Created Nov 19, 2021
zkhack-hidden-in-plain-sight.md

The 256-bit recipient address is split into a vector of 32 bytes and each byte can be treated as a coefficient of a degree-31 polynomial \$P\$. \$\$ P(x) = p_0 + p_1x^1 + p_2x^2 + ... + p_{31}x^{31} \$\$ Blinding Polynomial: \$\$ B(x) = b_0 + b_1x \$\$ And the blinding scheme can be illustrated as following: \$\$ Q(x) = P(x) + (b_0 + b_1x) Z_H(x) \ = b_0x^n + b_1x^{n+1} + P(x) - b_0 - b_1x\ = c_0+c_1x+c_2x^2 + ... + c_{n+1}x^{n+1} \$\$ And the commitment of \$Q(x)\$ can be illustrated as following: \$\$ com(Q) = c_0g + c_1gs +c_2gs^2 + ... + c_{n+1}gs^{n+1} \$\$ If one account is known, the \$P(x)\$ is deterministic. And if two challenges \$c_0\$/\$c_1\$ and corresponding evaluations are known, the \$b_0\$ and \$b_1\$ coefficients in \$Q(x)\$ polynomial can be found by the equations: \$\$ Q(c_0) = P(c_0) + (b_0 + b_1c_0) Z_H(c_0) \ Q(c_1) = P(c_1) + (b_0 + b_1c_1) Z_H(c_1) \$\$ Once \$b0\$ and \$b1\$ are obtained, the \$Q(x)\$ polynomial is fixed. That's to say, the coefficients \$c_0, c_1, ..., c_{n+1}\$ of \$Q(x)\$ are all known. Based on those coefficients, the commitment of \$Q(x)\$ can be calculated using the \$com(Q)\$ fomula.
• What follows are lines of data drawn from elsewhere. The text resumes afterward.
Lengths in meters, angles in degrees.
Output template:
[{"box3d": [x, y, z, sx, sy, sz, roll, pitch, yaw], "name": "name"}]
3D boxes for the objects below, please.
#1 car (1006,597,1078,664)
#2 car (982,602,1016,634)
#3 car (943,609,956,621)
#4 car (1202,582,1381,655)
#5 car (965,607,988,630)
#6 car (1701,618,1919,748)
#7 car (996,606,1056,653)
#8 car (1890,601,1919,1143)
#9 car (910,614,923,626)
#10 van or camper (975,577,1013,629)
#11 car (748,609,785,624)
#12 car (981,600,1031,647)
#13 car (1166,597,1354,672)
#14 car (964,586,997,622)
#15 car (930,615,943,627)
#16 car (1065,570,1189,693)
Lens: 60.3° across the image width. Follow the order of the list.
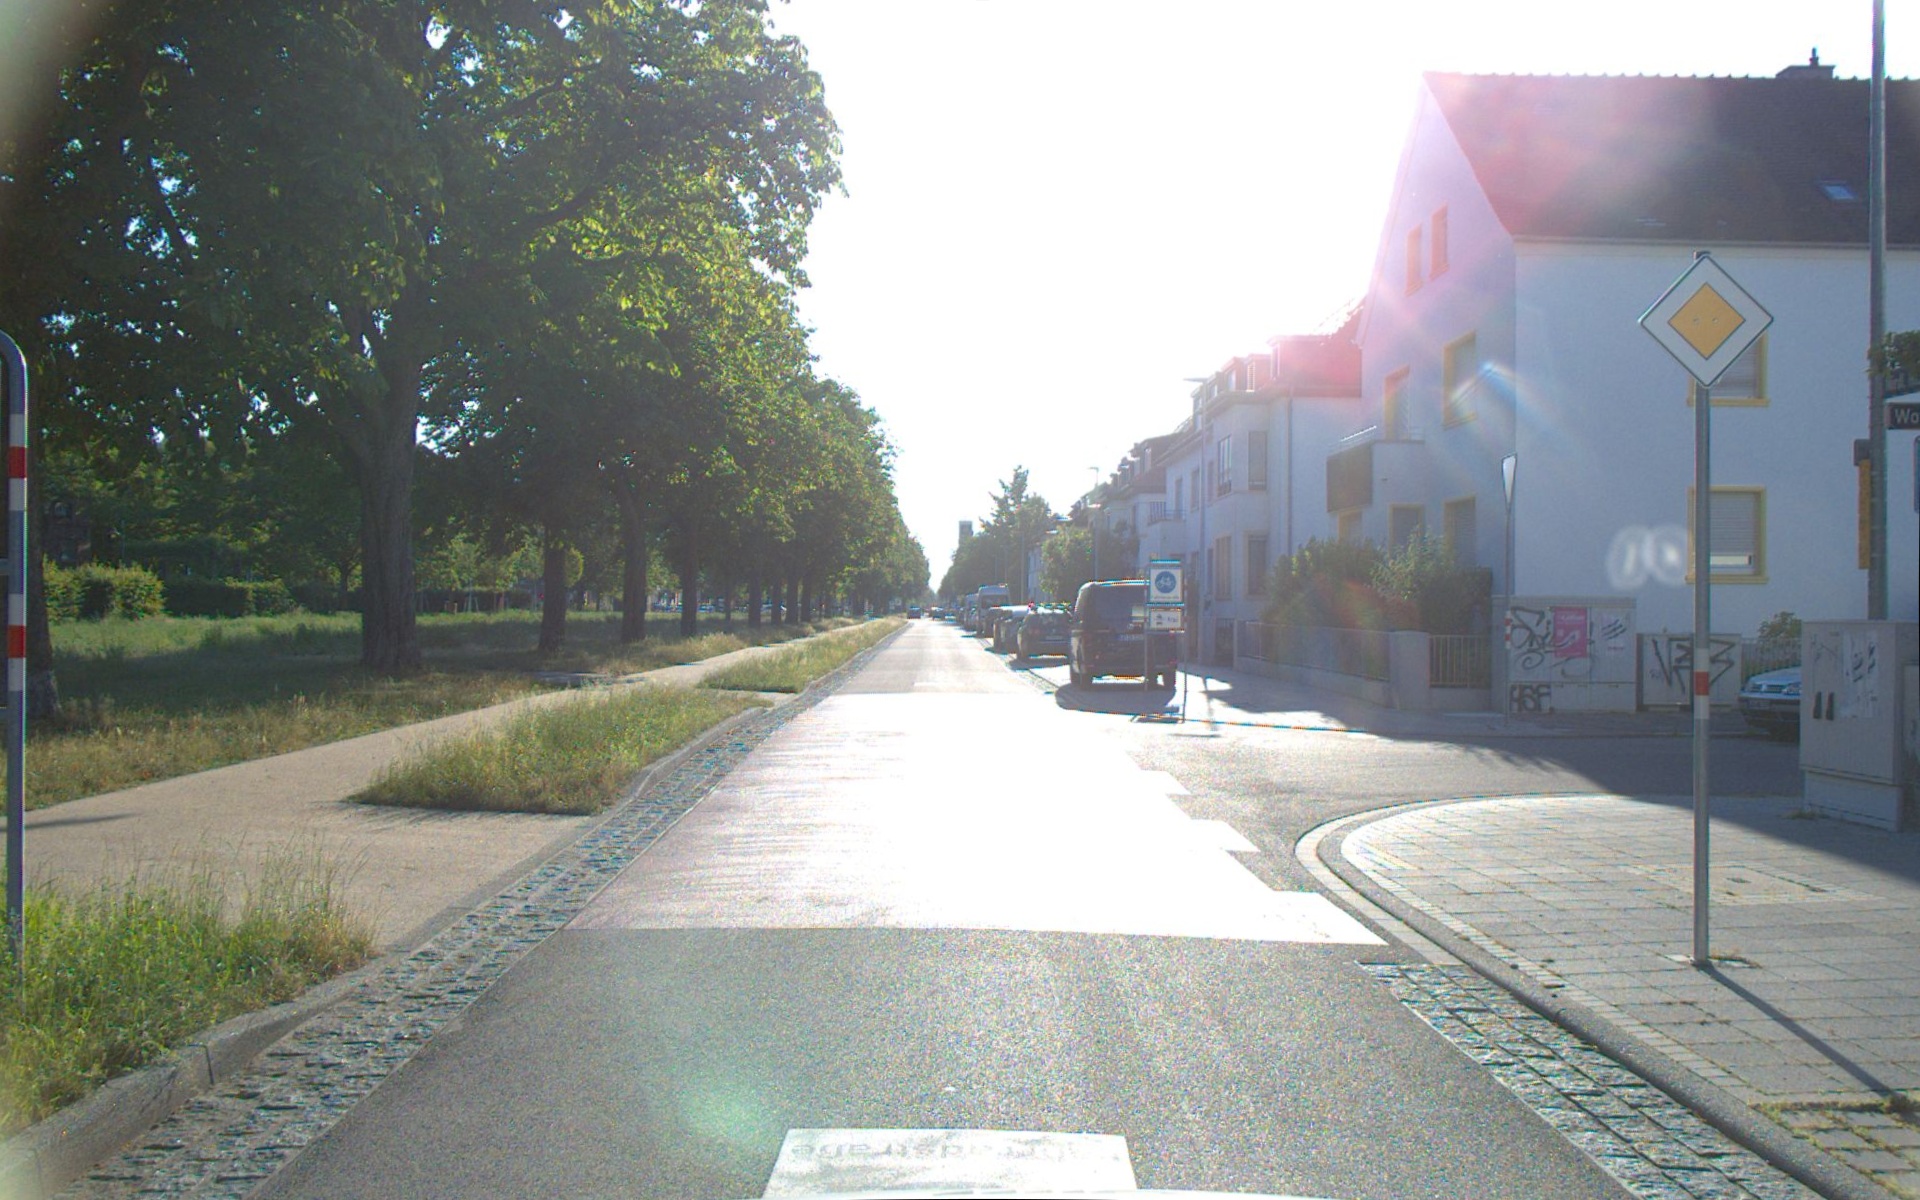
[{"box3d": [2.376, 0.863, 48.920, 1.757, 1.802, 4.471, -2, 0, -1], "name": "car"}, {"box3d": [2.061, 0.918, 87.482, 1.630, 1.621, 4.085, 1, 0, -1], "name": "car"}, {"box3d": [-1.326, 1.932, 211.753, 1.616, 1.557, 3.851, 0, 0, 0], "name": "car"}, {"box3d": [8.447, 0.454, 42.299, 4.134, 1.756, 1.851, -1, 0, -5], "name": "car"}, {"box3d": [1.188, 1.285, 118.155, 1.616, 1.557, 3.851, -1, 0, 0], "name": "car"}, {"box3d": [11.616, 1.017, 20.544, 3.990, 1.496, 1.893, 1, -1, -3], "name": "car"}, {"box3d": [2.384, 1.070, 60.908, 1.684, 1.601, 4.206, -2, 0, -4], "name": "car"}, {"box3d": [3.523, 0.762, 2.608, 1.757, 1.508, 4.124, -3, 1, 0], "name": "car"}, {"box3d": [-6.144, 2.826, 232.204, 1.825, 1.625, 3.868, 1, -1, -2], "name": "car"}, {"box3d": [1.893, 0.224, 94.046, 1.904, 2.826, 5.938, 1, -1, -1], "name": "van or camper"}, {"box3d": [-23.039, 1.958, 196.659, 4.266, 1.795, 1.996, 1, -1, -10], "name": "car"}, {"box3d": [1.828, 0.908, 66.641, 1.795, 1.714, 4.414, 2, 0, -1], "name": "car"}, {"box3d": [7.194, 0.820, 39.931, 4.134, 1.756, 1.851, 0, 0, -5], "name": "car"}, {"box3d": [1.502, 0.301, 124.343, 2.084, 2.577, 5.185, -1, 0, -3], "name": "car"}, {"box3d": [-3.299, 2.862, 230.185, 1.825, 1.625, 3.892, 1, 0, -2], "name": "car"}, {"box3d": [3.187, 0.560, 32.399, 1.867, 2.169, 4.814, -2, 0, 0], "name": "car"}]

All in all, based on the following facts:

• once the challenges \$c_0\$/\$c_1\$ and corresponding evaluations are known, the commitment of \$Q(x)\$ can be calculated.
• all possible accounts are exposed.

The puzzle can be solved by scanning all possible accounts to find out the correct account with specified commitment.